3. Ambisonics with Ogg Opus 


Ambisonics can be encapsulated in the Ogg format by encoding with the 
Opus codec and setting the channel mapping family value to 2 or 3 in 
the Ogg identification (ID) header. A demuxer implementation 
encountering channel mapping family 2 or 3 MUST interpret the Opus 
stream as containing Ambisonics with the format described in Sections 
3.1 or 3.2, respectively. 


3.1. Channel Mapping Family 2 


This channel mapping uses the same channel mapping table format used 
by channel mapping family 1. The output channels are Ambisonic 
components ordered in Ambisonic Channel Number (ACN) order (which is 
defined in Figure 1) followed by two optional channels of non- 
diegetic stereo indexed (left, right).

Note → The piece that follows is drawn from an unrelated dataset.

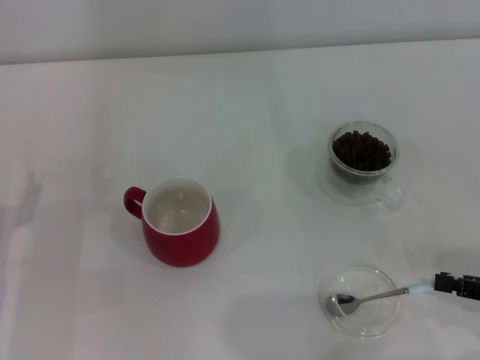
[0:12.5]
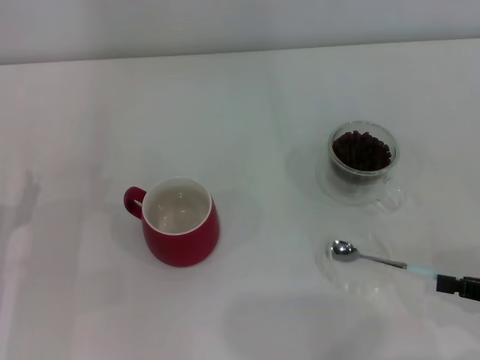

The terms "order" and 
"degree" are defined according to [ambix]. 


ACN =n * (n+ 1) +m, 
for order n and degree m. 


Figure 1: Ambisonic Channel Number (ACN) 
For the Ambisonic channels, the ACN component corresponds to channel 


index as k = ACN. The reverse correspondence can also be computed 
for an Ambisonic channel with index k. 


order n = floor(sqrt(k)), 
degree m= k-n* (n +1). 


Figure 2: Ambisonic Degree and Order from ACN 


Note that channel mapping family 2 allows for so-called mixed-order 
Ambisonic representation, in which only a subset of the full 
Ambisonic order number of channels is encoded. By specifying the 
full number in the channel count field, the inactive ACNs can then be 
indicated in the channel mapping field using the index 255.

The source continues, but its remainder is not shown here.